Last week the federal government signalled that, to reach a new trade agreement with Europe, it might extend pharmaceutical patents. The move could cost Canadians up to $2 billion per year. Supporters argue that it will attract research investment and generate jobs.
But longer drug patents will not attract new research to Canada.
Pharmaceutical firms locate research investments on the basis of the quality of local scientists and the cost of running clinical trials. If we want industry to invest in Canada, we need to invest in our capacity to conduct research. One way would be to double the budgets of the Canadian Institutes of Health Research -- which would cost less than extending pharmaceutical patents.
But if Canada must change drug patents to win a trade deal, let's at least fix our broken intellectual property system while we are at it. The patents that apply to other technologies fail the pharmaceutical sector. They fail for a number reasons.
First, most patented medicines must be studied in clinical trials to establish that they are safe and effective enough to be sold to Canadians.

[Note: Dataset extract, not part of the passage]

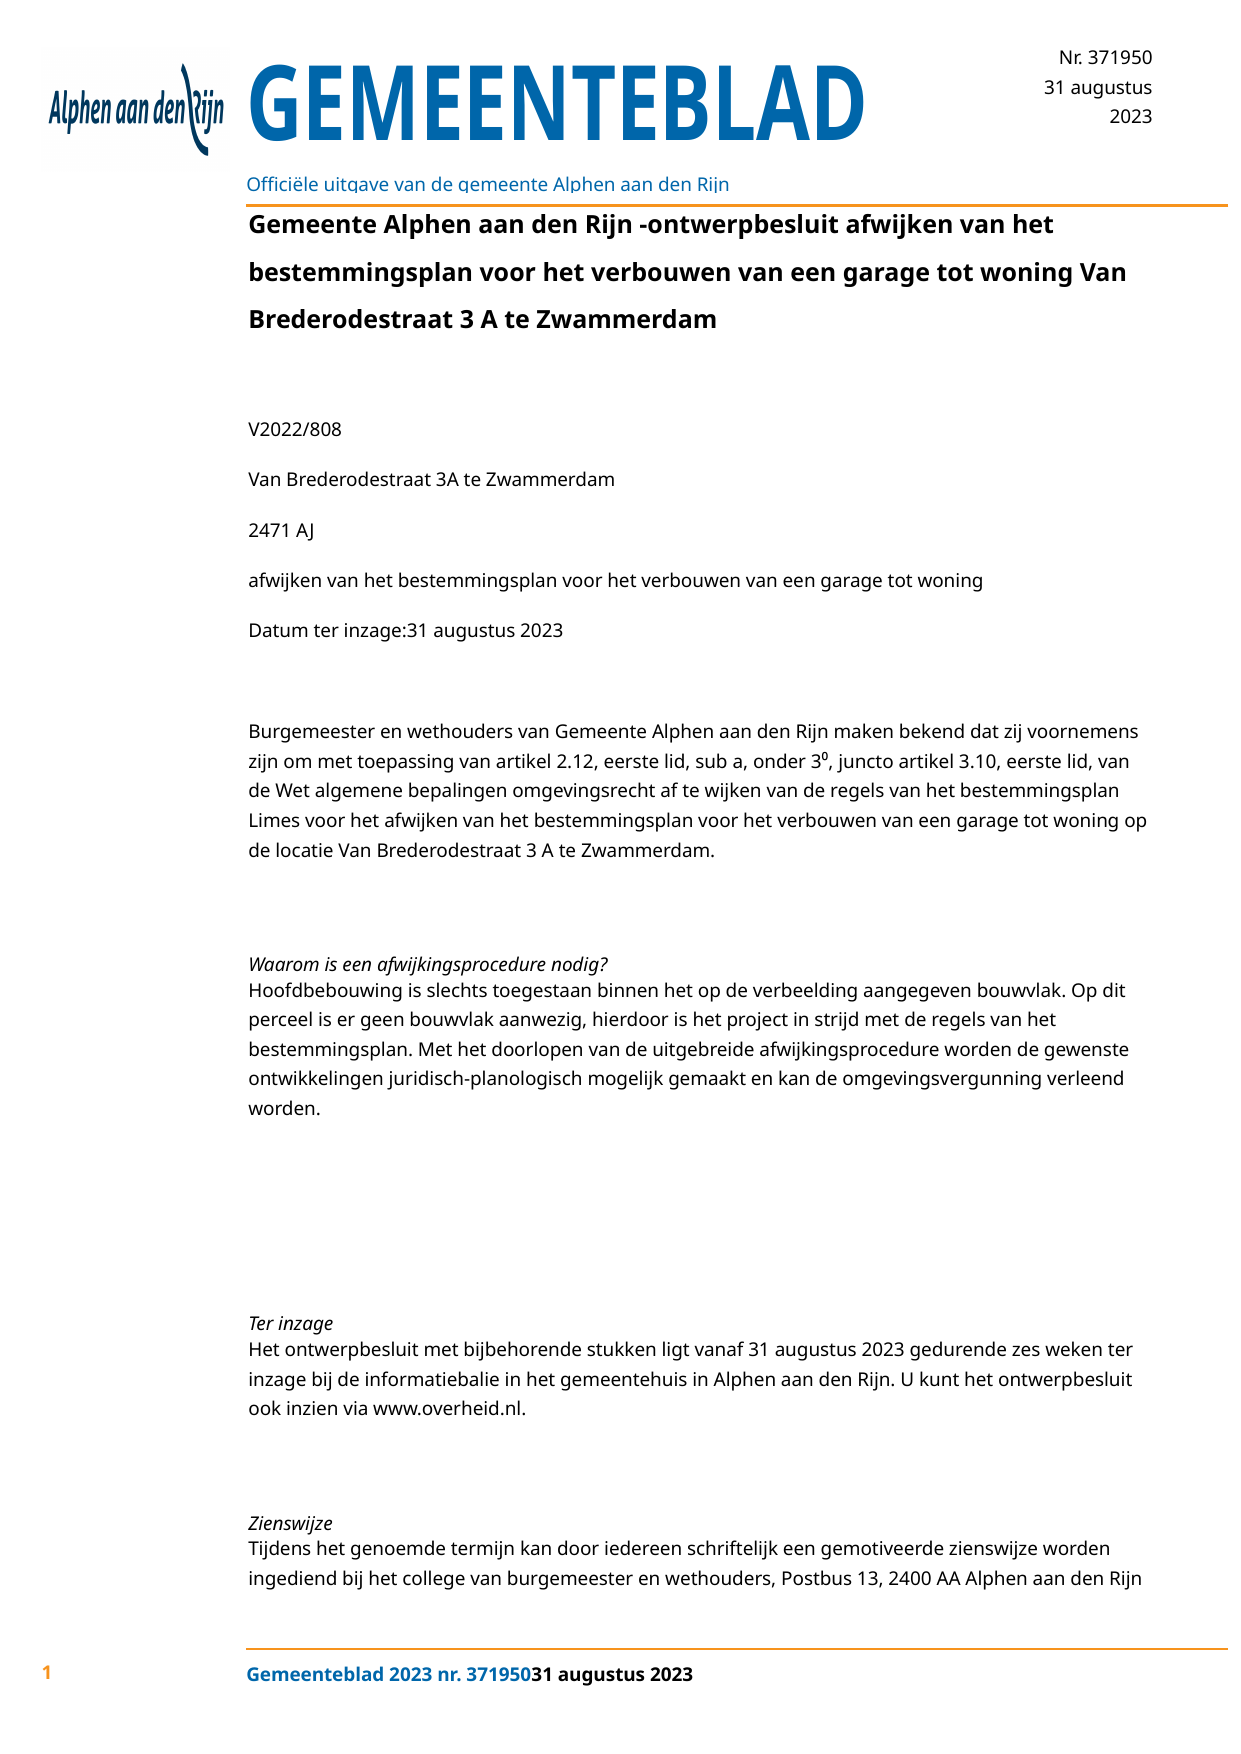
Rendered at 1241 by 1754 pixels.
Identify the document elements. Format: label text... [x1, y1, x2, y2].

This can take years after firms file their initial patents, which reduces the time they can charge monopoly prices (the 'carrot' that patents create to give firms incentive to develop new drugs).
The proposal to give firms a guaranteed period of market exclusivity (i.e., a guaranteed length of monopoly sales) after regulatory approval would not only benefit firms, it would also allow regulators to demand better pre-market drug trials and to take more time to evaluate trial data.
The current rush to approve medicines while manufacturers' "patent clocks" are ticking means that some medicines make it to market that later must be recalled because of harms they cause to patients -- harms that could be detected with more thorough pre-market evaluation.
The second failing of the patent system for pharmaceuticals is that, although disclosure of scientific information is a key benefit of the patent system, the information of greatest value to society is not publicly disclosed when a patent is filed. This is because data about the safety and effectiveness of most medicines is gathered after patents are granted.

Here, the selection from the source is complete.